# [Work item]
Starting at the first line of the material below and stopping after the line that includes "doc.styles.add('Note Text (ISO)', font='tahoma.ttf')", write the lines out again exactly. Drop any pictures.

### Data to use ###

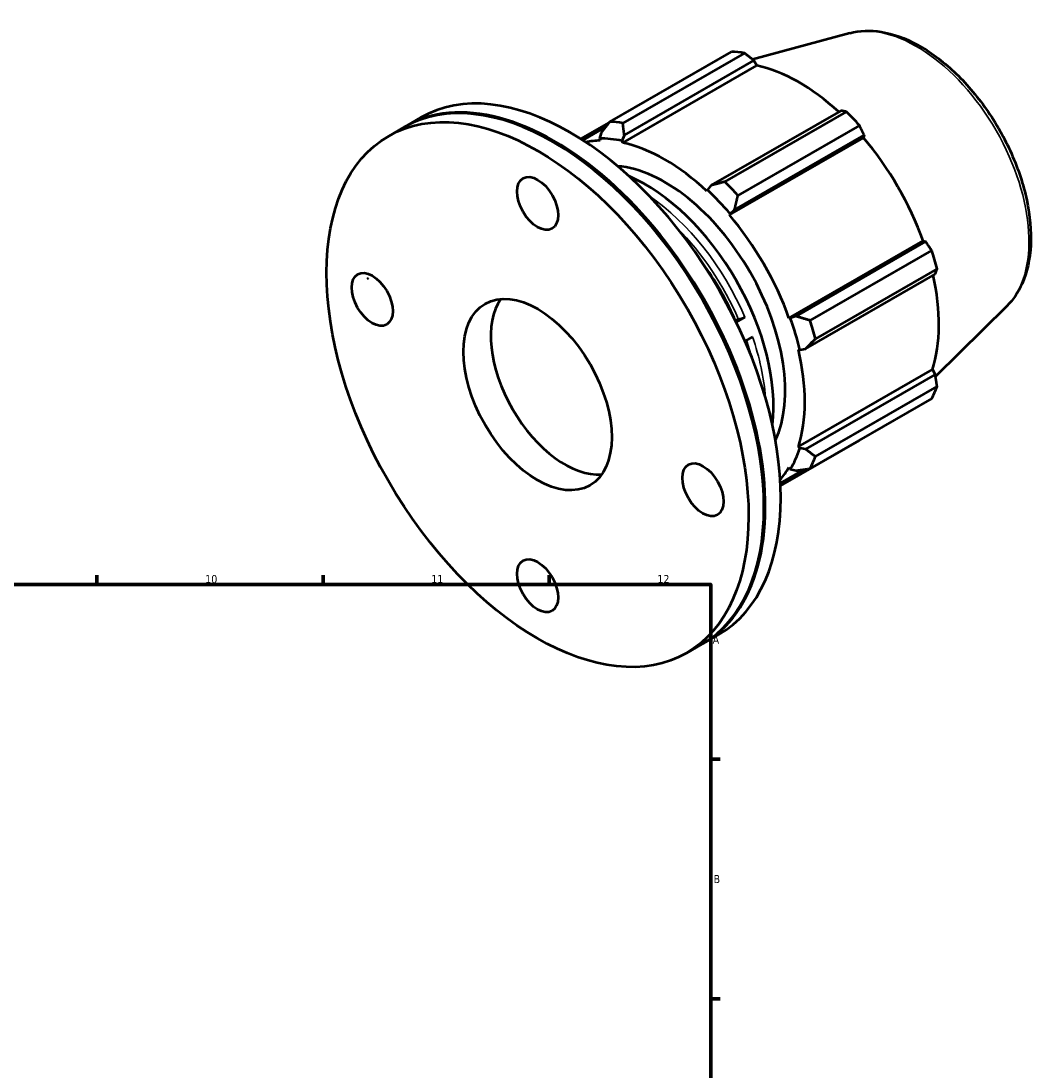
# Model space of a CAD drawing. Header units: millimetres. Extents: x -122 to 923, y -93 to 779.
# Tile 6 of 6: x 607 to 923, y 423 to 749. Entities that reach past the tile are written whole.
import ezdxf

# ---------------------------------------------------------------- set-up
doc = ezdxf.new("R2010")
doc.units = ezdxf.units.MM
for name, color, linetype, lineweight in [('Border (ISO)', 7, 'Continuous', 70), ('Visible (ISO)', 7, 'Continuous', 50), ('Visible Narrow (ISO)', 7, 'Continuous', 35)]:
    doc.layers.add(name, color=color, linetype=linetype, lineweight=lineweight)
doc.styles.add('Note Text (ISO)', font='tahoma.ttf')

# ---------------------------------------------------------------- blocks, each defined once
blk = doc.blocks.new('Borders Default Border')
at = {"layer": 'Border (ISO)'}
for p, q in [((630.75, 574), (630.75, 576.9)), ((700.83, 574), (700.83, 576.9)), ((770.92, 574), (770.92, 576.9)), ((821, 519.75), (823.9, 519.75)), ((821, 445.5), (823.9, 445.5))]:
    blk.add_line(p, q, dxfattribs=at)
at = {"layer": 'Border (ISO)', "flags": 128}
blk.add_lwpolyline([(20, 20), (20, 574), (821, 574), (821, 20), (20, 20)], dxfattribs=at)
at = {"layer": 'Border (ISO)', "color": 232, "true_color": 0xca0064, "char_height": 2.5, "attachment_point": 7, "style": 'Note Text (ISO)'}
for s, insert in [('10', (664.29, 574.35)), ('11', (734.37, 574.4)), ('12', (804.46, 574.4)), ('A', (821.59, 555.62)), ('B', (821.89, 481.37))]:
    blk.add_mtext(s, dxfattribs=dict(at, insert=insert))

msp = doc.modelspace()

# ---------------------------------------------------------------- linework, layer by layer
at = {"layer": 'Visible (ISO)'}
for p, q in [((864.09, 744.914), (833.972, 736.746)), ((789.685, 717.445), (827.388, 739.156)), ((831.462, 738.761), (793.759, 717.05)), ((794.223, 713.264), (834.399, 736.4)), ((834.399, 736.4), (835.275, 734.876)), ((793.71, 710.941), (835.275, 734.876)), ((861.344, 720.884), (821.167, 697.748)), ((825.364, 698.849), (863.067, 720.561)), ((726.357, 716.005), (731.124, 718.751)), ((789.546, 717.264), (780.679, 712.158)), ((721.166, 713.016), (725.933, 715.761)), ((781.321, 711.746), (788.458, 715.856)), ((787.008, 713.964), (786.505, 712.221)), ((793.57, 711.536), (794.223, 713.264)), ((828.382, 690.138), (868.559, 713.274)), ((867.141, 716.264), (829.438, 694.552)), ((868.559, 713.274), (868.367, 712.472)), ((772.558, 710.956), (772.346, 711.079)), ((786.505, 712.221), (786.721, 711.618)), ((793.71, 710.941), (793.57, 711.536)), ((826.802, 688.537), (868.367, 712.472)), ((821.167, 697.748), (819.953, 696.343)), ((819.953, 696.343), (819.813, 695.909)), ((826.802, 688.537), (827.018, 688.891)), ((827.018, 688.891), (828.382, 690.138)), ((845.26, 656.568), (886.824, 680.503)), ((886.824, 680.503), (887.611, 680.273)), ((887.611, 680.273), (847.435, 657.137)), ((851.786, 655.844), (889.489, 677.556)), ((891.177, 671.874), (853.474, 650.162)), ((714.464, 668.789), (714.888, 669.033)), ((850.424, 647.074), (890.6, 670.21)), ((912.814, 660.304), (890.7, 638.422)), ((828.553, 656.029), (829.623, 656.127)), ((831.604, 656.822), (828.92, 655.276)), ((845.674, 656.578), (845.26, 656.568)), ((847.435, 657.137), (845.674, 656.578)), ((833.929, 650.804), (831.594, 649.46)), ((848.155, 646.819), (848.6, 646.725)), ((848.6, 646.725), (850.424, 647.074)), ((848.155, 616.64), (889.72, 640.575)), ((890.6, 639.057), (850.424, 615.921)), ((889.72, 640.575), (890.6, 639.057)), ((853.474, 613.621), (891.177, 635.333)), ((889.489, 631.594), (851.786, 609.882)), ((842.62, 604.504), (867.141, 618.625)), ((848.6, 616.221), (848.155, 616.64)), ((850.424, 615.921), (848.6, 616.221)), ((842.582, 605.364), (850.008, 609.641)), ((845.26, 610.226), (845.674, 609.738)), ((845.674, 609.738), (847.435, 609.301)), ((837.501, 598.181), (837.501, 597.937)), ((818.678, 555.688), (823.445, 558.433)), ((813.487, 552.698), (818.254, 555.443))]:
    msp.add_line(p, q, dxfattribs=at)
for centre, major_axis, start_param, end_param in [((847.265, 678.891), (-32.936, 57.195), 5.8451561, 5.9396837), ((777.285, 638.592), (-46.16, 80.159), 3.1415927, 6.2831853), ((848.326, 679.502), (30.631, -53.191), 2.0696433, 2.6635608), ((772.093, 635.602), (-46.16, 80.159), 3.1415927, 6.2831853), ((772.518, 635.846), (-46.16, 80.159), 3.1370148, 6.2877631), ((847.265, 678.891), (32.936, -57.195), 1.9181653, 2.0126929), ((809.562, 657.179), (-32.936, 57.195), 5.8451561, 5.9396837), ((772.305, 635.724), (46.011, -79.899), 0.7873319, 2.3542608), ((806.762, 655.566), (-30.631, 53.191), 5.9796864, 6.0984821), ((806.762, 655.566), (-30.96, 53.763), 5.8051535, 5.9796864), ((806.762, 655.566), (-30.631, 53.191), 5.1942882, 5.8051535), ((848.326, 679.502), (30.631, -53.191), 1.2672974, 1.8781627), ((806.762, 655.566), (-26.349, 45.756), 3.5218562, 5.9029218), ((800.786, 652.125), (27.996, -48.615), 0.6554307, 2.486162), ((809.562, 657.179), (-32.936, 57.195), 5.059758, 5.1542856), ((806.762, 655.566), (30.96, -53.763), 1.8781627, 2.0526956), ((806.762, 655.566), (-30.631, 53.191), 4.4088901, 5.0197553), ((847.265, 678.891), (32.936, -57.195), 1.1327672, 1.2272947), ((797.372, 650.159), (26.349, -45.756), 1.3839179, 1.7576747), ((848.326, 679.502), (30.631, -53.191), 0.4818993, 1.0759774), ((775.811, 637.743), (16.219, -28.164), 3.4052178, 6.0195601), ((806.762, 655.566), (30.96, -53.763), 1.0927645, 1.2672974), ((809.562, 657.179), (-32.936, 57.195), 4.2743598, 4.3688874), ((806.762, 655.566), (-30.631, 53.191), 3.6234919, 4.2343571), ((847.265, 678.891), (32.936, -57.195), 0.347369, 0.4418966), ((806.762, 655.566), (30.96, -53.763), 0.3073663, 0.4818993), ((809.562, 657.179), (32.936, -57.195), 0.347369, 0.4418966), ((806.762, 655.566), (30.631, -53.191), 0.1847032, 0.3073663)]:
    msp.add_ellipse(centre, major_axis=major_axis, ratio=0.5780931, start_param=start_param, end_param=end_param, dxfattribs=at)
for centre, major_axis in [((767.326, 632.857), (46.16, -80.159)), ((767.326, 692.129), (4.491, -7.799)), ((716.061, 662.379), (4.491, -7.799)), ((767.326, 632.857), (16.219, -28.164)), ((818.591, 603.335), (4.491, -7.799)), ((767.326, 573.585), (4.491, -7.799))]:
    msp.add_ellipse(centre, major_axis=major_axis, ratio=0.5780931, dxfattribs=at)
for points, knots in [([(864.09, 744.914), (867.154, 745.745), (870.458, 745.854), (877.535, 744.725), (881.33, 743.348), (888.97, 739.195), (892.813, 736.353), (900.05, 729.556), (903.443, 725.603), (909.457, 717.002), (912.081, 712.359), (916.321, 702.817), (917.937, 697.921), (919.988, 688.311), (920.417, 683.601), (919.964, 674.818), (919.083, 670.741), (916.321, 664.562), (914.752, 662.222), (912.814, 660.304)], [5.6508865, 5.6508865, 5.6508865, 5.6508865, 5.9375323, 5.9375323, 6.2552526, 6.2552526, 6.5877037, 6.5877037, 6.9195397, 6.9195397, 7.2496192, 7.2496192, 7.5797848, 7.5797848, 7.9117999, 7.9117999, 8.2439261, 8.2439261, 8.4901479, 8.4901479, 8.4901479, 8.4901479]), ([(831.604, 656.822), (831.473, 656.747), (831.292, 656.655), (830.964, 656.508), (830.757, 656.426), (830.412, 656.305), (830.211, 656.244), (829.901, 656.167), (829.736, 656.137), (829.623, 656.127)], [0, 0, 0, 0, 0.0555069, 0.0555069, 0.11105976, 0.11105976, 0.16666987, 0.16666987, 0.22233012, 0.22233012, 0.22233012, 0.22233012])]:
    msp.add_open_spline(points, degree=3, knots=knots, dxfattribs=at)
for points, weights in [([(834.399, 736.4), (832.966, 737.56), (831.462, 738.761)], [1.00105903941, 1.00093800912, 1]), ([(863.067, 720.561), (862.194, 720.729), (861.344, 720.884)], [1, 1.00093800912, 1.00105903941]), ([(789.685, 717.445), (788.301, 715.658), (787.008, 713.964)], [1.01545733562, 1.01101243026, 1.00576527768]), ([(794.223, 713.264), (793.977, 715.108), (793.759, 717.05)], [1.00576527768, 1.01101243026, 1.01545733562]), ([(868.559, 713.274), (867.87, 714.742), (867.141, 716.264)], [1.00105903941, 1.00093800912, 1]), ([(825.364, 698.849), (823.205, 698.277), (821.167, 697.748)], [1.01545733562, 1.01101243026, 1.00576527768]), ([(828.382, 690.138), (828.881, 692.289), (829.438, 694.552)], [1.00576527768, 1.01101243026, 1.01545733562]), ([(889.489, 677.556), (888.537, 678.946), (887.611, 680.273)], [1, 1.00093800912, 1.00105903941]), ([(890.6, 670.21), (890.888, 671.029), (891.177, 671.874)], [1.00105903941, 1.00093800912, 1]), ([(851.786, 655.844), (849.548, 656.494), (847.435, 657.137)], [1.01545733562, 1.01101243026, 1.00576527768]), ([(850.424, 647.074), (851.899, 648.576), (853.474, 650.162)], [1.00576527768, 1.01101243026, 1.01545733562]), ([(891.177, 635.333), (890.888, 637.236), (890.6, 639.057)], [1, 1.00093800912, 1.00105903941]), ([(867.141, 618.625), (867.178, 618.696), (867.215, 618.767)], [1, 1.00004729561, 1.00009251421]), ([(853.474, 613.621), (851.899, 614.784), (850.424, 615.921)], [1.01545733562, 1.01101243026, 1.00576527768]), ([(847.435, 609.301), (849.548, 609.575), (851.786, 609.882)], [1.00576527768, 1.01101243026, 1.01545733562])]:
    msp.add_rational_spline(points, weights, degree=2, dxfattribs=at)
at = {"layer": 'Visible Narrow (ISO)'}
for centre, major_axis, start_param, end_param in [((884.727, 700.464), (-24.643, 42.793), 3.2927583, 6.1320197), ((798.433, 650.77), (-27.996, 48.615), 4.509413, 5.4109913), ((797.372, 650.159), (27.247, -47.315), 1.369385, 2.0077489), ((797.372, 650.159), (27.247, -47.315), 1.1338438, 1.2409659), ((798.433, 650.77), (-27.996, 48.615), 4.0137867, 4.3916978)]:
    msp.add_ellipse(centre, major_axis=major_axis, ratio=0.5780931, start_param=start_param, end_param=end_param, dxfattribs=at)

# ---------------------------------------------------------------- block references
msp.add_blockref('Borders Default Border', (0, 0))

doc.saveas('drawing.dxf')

###

# [Answer for the task]
# Model space of a CAD drawing. Header units: millimetres. Extents: x -122 to 923, y -93 to 779.
# Tile 6 of 6: x 607 to 923, y 423 to 749. Entities that reach past the tile are written whole.
import ezdxf

# ---------------------------------------------------------------- set-up
doc = ezdxf.new("R2010")
doc.units = ezdxf.units.MM
for name, color, linetype, lineweight in [('Border (ISO)', 7, 'Continuous', 70), ('Visible (ISO)', 7, 'Continuous', 50), ('Visible Narrow (ISO)', 7, 'Continuous', 35)]:
    doc.layers.add(name, color=color, linetype=linetype, lineweight=lineweight)
doc.styles.add('Note Text (ISO)', font='tahoma.ttf')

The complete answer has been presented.